All days do
not contain the same number of minutes. Speed does not always equal rate
divided by time. Time can depend upon direction, as a vector; however, it
is used as a scalar. With so many inconsistencies, is time really a
reasonable quantity for accurately describing physical phenomenae?
The answers
to these, and many other puzzling questions, lie in revolutionary
discoveries by Howard Lawrence Schriefer in pursuit of a Unified Theory of
the universe.
Logic
Notice the
analemma, shown at left, as on a globe of earth. It's the figure-eight-shaped legend which
indicates for a given date, how many minutes more or less than 24 hours
the earth's rotation is. That's right, only four days of the year contain
exactly 24 hours. viz., April, 16; June, 14; September 2; and, December,
25. All the other days contain more or les minutes than the 1440 minutes
it takes to make 24 hours.
All other
days differ from twenty-four hours by anywhere from about 16 minutes less
to 14 minutes more. The actual variation of length of days is given by the Equation of Time, which can be computed. For convenience and
simplicity, society including scientists, adopted an artificial system of
time wherein every day is said to have exactly 24 hours.
Traveling
1042mph at the equator from west to east keeps one neck-and-neck with the
sun. Traveling 1042 mph at latitude 39° from west to east for one hour puts
one way ahead of the sun, about 232 miles into the next time zone. Or, was
it an hour, since the time zone was used up and then some? Notice some
complexity in the "simple" rule that speed equals distance divided by
time?
Time, on
earth, also appears to depend upon direction, because the speed of
rotation of the earth needs to be added when traveling west to east and
subtracted when traveling east to west. A time zone of one hour on earth
is 15° of longitude, or roughly 1042 miles at the equator. The number of
miles between time zones decreases from the equator toward the poles of
earth. At latitude 40°, say near Denver, CO, the time zone is
approximately 798 miles long. Halfway across this time zone, or 399 miles
represents a half hour. About two hundred miles represents about 15
minutes. Subdividing the time zone into football field lengths of 300 feet
requires 14045 subdivisions of the time zone; or, 1/4 of a second
difference from one end of the football field to the other. That is, if
the football field is laid out east-west. The difference in time from one
side of the field to the other is very close to zero seconds. So, time
depends upon direction?
Wait, it gets even better. Say you are sitting at the
fifty yard line. A runner is at each goal line. The east goal line is a
quarter second away from the west goal line. The runners start at your
given signal, and sprint toward opposite goals at the same "speed", and
check the stopwatches at the end. The east-to-west runner reads his time
less 1/4 second. The west-to-east runner reads his time plus 1/4 second.

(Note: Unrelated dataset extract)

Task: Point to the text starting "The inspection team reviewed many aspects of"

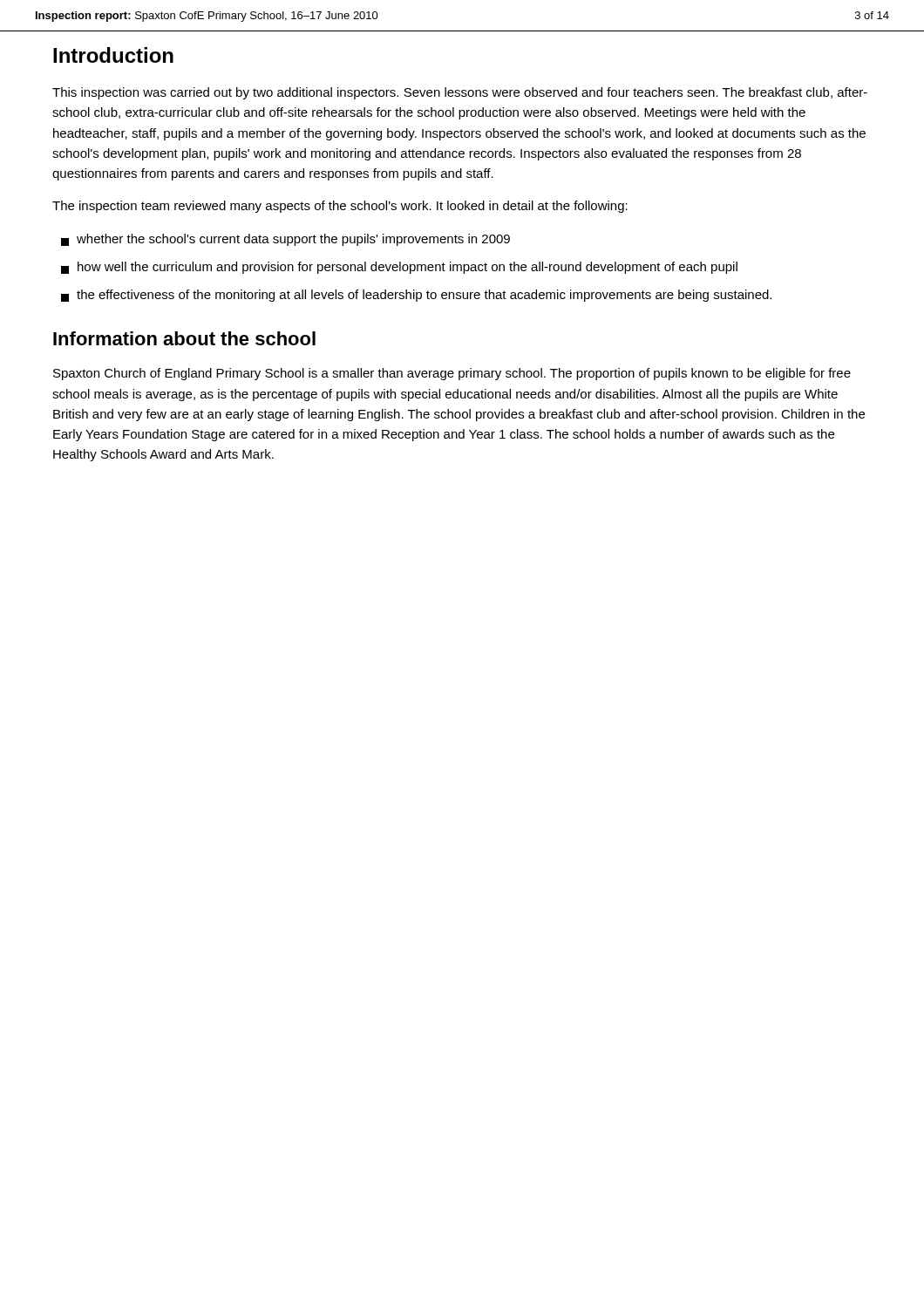Action: click(340, 206)
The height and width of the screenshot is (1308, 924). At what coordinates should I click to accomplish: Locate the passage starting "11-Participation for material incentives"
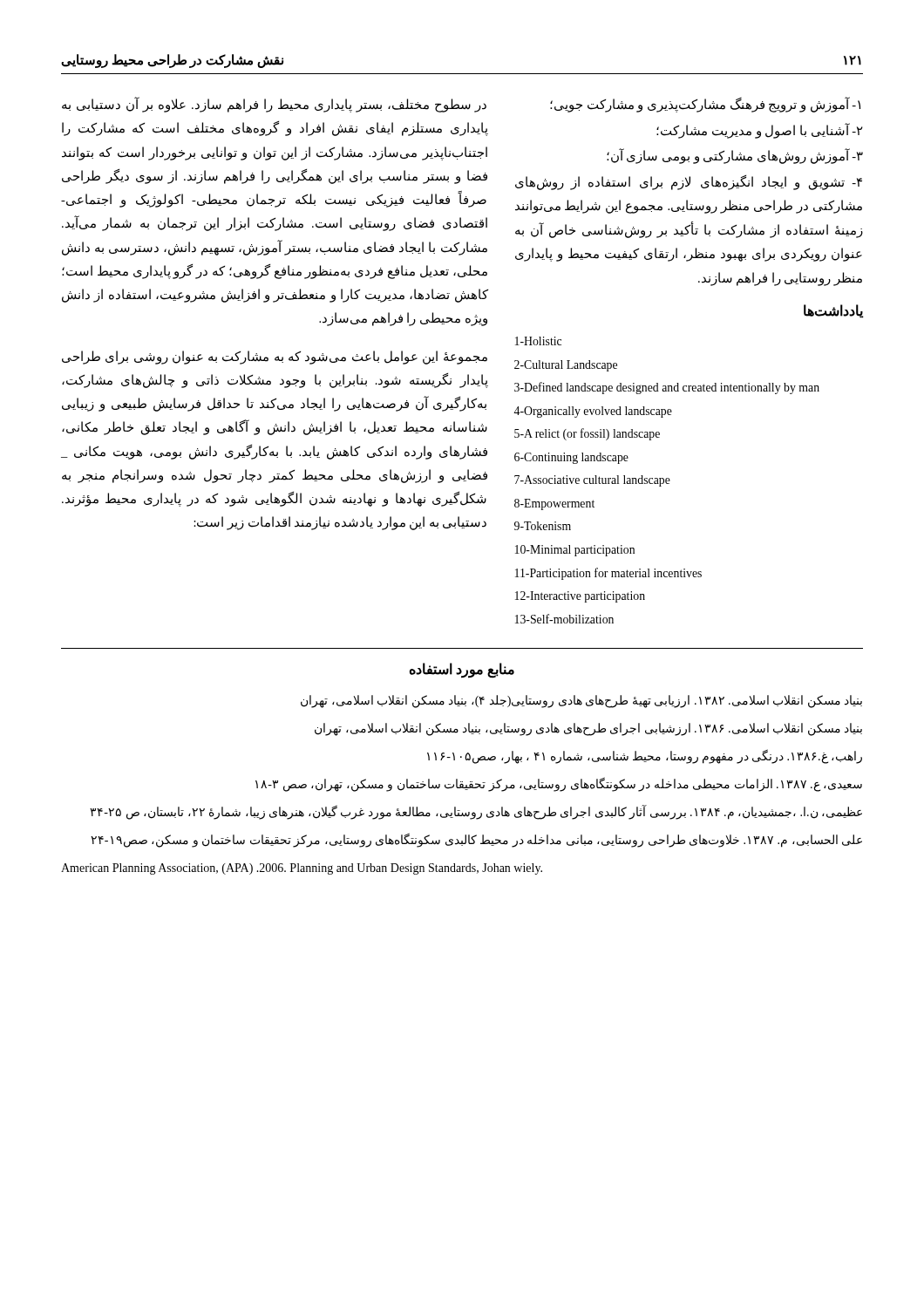pyautogui.click(x=608, y=573)

They both ran the same "speed", but their times are 1/2 second apart. Did
they pass each other exactly at the fifty yard line? Suppose they ran the
same "speed" at Bangor, ME or at Brownsville, TX? What effect does all
this have on radar guns and speed limits at different latitudes and
longitudes? Bottom line is, we don't know what "speed" means, even though
it is based upon distance and time. Since distance is a basic tangible
quantity for science, how reliable is the quantity known as "time?"
Equation of Time
With such inconsistencies in time associated with direction
and location variability, it is too inconsistent for use as an independent
variable in the design of such devices as altimeters and heart monitors.
What was Einstein thinking about when he claimed that mass and length change
with "speed", when "speed" is so interwoven with time? Why does science
predict changes in tangible quantities such as mass and length (matter and
space), while maintaining a fabricated man-made definition, "time", as
all-controlling and absolute?
Caution
Since time is
defined as a quantity of absolutely equal increments, which have been shown to be
directionally dependent, it is improper to apply it to the irregular phases
of a three-dimensional universe as a scalar quantity. Perhaps instead of a
quantity such as "time", we should use the inverse of a standard universal
frequency, unrelated to the misinterpretations of "time" which have been
artificially assimilated into our cultures. Thus, time would be a real and
scalar quantity, not subject to dilation.